Dilansir dari CNBC International, yield Treasury berjangka pendek yakni tenor 2 tahun turun 1 bp ke posisi 4,35%. Sedangkan yield Treasury benchmark tenor 10 tahun naik 2,2 bp menjadi 3,513%.

Data ekonomi yang dirilis baru-baru ini telah memberikan gambaran beragam untuk ekonomi AS. Angka-angka termasuk indeks manajer pembelian (PMI) manufaktur ISM pekan lalu menunjukkan perlambatan aktivitas ekonomi, sementara data pekerjaan AS baru-baru ini mencerminkan ketahanan.

Hal ini telah mendorong beberapa investor untuk percaya bahwa suku bunga dapat tinggi lebih lama atau terus dinaikkan oleh The Fed dalam perjuangannya melawan inflasi yang terus-menerus tinggi.

Setelah empat kali kenaikan suku bunga 75 bp, The Fed diperkirakan hanya akan menaikkan suku bunga sebesar 50 bp pada pertemuan Desember.

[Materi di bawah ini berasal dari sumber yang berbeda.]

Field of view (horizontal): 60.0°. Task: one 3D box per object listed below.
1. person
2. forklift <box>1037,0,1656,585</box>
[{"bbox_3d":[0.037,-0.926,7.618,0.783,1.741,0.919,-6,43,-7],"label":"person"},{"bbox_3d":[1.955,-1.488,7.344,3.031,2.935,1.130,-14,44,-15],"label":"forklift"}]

Banyak investor khawatir tentang laju kenaikan suku bunga yang membawa ekonomi AS ke dalam resesi.

Investor juga menanti serangkaian rilis data ekonomi menjelang pertemuan The Fed berikutnya dan akan memindai mereka untuk mendapatkan petunjuk tentang pandangan The Fed tentang keadaan ekonomi AS dan keputusan kebijakan moneter di masa depan.

Data tersebut termasuk klaim pengangguran awal pekan lalu yang dirilis pada Kamis mendatang dan data inflasi dari sisi produsen pada Jumat pekan ini.